• Exercise directions: Reproduce the entries word for word, and omit any picture you find in them.
*** Data section ***
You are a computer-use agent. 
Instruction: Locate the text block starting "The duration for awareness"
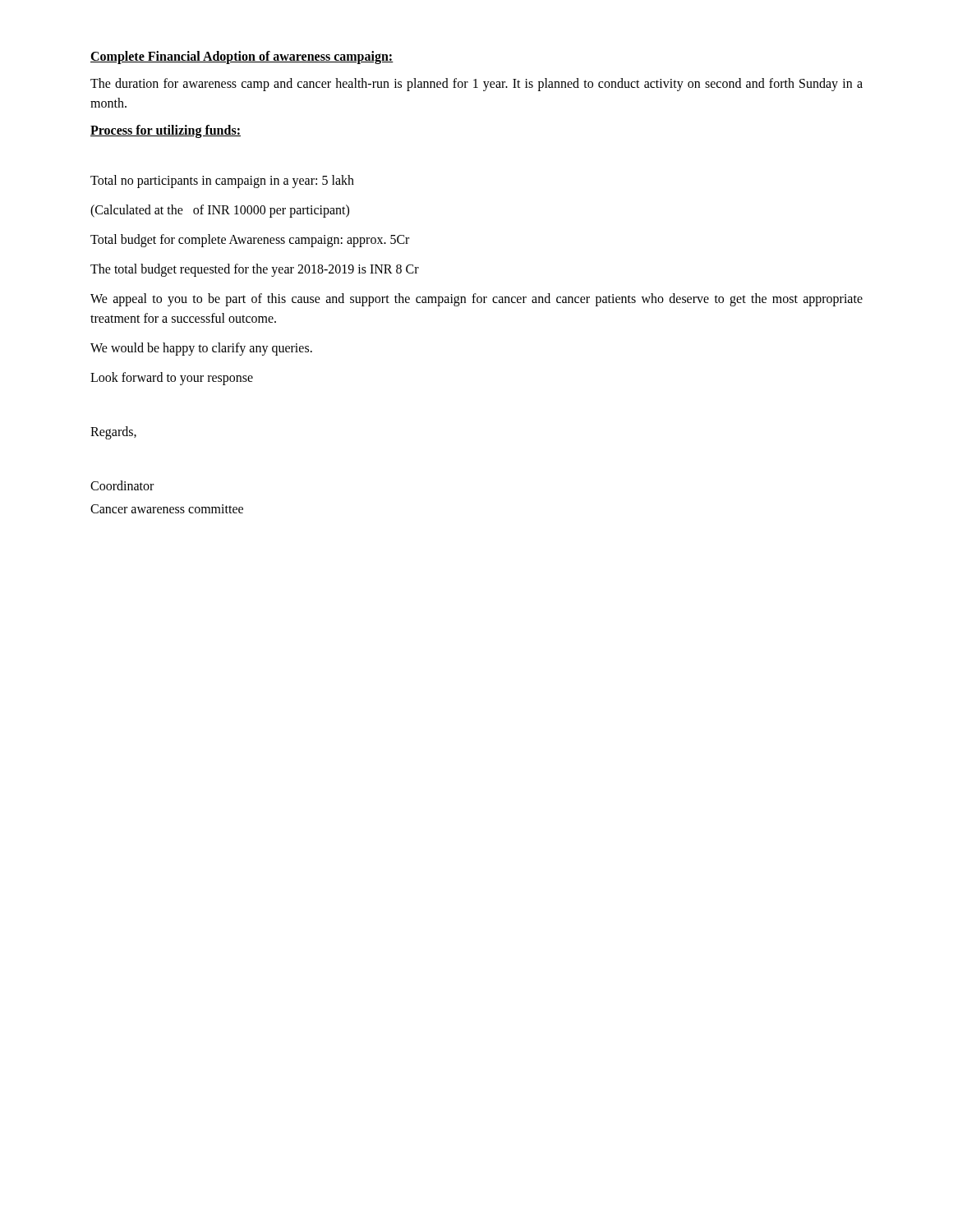pyautogui.click(x=476, y=93)
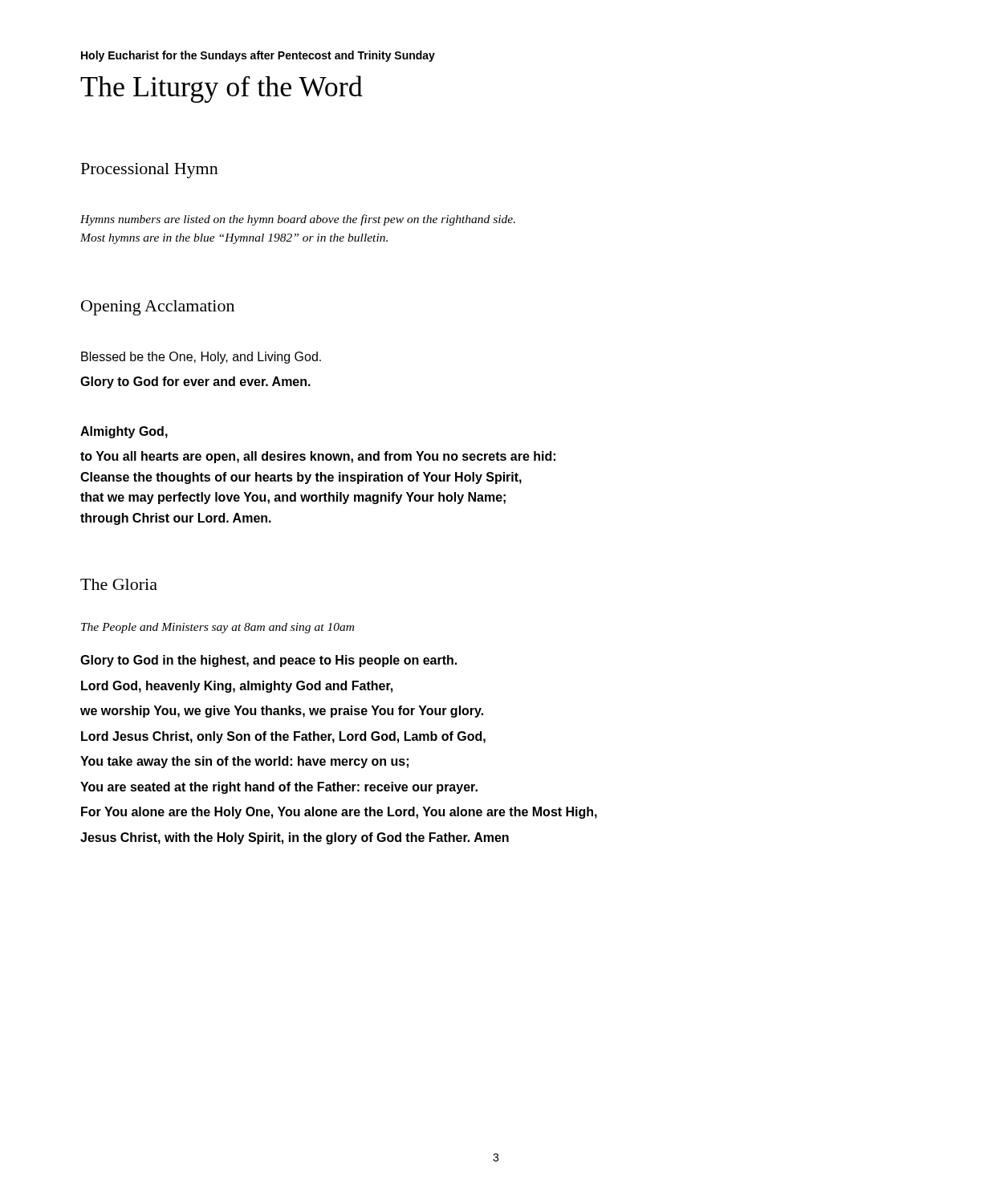Image resolution: width=992 pixels, height=1204 pixels.
Task: Navigate to the passage starting "The People and Ministers"
Action: tap(218, 628)
*** End of Data section ***
• Your solution:
You are a computer-use agent. 
Instruction: Locate the text block starting "The duration for awareness"
pyautogui.click(x=476, y=93)
Image resolution: width=992 pixels, height=1204 pixels.
Task: Navigate to the passage starting "The People and Ministers"
Action: tap(218, 628)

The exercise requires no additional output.